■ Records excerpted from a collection

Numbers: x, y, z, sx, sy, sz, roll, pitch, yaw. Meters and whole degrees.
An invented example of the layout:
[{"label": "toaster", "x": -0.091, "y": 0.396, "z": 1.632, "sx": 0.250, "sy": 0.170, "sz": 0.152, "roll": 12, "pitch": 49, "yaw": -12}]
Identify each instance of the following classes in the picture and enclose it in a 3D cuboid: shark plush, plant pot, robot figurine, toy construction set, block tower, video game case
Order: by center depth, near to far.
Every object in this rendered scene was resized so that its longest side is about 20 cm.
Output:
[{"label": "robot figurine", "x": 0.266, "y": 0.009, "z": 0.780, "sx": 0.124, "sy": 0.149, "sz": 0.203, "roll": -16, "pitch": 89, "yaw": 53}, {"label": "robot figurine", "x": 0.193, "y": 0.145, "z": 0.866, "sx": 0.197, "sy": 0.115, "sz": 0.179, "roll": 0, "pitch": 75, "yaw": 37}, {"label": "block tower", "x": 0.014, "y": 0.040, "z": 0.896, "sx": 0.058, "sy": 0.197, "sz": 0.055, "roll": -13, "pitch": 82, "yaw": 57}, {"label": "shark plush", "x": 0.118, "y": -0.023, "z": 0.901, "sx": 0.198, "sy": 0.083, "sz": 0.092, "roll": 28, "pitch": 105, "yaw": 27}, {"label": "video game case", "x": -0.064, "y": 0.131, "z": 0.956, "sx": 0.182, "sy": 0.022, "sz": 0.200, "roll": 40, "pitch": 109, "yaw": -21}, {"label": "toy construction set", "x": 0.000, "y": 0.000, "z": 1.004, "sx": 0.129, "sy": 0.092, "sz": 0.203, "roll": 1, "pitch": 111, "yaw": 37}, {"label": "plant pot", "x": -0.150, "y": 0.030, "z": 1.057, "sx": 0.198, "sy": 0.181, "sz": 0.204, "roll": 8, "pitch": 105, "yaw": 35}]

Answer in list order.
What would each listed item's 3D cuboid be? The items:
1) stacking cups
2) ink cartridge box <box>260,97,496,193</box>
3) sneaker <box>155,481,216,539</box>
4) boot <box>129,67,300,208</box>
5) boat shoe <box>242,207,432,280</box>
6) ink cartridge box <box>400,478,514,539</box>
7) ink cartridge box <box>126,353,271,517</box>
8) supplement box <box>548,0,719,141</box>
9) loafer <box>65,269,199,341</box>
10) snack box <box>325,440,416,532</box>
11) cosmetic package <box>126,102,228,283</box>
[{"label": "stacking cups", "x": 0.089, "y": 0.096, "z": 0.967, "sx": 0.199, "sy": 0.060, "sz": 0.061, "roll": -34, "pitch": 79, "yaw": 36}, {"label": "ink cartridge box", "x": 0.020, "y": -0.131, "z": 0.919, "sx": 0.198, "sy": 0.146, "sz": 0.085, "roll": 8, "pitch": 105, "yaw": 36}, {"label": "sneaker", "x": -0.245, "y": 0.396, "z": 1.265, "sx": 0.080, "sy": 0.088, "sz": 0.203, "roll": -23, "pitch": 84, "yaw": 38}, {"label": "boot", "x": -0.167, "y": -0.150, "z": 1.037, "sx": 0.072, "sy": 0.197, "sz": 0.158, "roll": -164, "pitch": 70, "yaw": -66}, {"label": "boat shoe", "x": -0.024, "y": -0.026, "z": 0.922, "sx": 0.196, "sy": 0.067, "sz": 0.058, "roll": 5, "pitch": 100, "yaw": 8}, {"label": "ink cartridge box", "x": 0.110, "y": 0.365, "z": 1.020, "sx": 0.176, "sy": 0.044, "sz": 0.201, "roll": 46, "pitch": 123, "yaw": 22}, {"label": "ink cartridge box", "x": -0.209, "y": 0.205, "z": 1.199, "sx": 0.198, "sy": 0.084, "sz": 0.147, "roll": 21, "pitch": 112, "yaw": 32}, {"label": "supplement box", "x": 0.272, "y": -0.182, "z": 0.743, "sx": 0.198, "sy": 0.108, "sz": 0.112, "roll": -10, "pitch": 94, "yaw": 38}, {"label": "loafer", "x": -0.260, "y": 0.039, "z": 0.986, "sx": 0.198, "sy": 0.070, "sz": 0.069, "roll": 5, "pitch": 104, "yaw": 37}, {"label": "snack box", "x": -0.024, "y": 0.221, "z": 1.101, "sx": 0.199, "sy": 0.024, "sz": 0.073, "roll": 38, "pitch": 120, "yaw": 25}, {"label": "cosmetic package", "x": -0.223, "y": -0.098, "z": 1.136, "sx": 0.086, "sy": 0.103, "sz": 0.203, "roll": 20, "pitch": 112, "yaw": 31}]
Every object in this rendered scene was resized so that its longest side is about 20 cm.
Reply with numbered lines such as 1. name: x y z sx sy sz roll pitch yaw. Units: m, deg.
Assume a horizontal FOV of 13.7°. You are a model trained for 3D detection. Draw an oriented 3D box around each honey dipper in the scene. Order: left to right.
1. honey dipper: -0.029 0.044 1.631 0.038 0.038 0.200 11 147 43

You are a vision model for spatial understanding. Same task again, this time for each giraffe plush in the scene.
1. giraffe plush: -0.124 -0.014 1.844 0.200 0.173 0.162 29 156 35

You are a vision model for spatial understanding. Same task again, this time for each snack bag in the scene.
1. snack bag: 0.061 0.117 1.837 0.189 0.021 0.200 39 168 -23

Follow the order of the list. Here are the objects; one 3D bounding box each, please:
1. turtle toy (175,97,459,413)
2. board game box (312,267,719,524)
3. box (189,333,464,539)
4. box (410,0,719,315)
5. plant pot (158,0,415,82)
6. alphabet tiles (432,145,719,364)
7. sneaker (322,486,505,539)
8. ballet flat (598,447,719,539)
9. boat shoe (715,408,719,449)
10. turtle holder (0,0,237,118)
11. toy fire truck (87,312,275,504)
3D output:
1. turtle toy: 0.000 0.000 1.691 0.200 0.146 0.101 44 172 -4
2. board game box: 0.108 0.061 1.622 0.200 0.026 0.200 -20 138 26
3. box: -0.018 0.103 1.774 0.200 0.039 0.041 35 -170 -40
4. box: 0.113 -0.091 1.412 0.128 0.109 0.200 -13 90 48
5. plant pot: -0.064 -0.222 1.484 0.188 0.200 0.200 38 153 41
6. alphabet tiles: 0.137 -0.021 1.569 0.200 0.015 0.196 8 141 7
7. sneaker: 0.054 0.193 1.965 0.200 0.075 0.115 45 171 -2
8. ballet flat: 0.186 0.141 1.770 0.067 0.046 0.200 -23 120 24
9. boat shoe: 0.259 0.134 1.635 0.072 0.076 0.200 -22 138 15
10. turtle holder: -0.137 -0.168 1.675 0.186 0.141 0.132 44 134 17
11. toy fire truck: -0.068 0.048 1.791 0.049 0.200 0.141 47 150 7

■ Task goal
The reply should consist solely of the lines above from the one that has "1) stacking cups" through the one that has "9) loafer <box>65,269,199,341</box>", reproduced exactly.

■ Solution below
1) stacking cups
2) ink cartridge box <box>260,97,496,193</box>
3) sneaker <box>155,481,216,539</box>
4) boot <box>129,67,300,208</box>
5) boat shoe <box>242,207,432,280</box>
6) ink cartridge box <box>400,478,514,539</box>
7) ink cartridge box <box>126,353,271,517</box>
8) supplement box <box>548,0,719,141</box>
9) loafer <box>65,269,199,341</box>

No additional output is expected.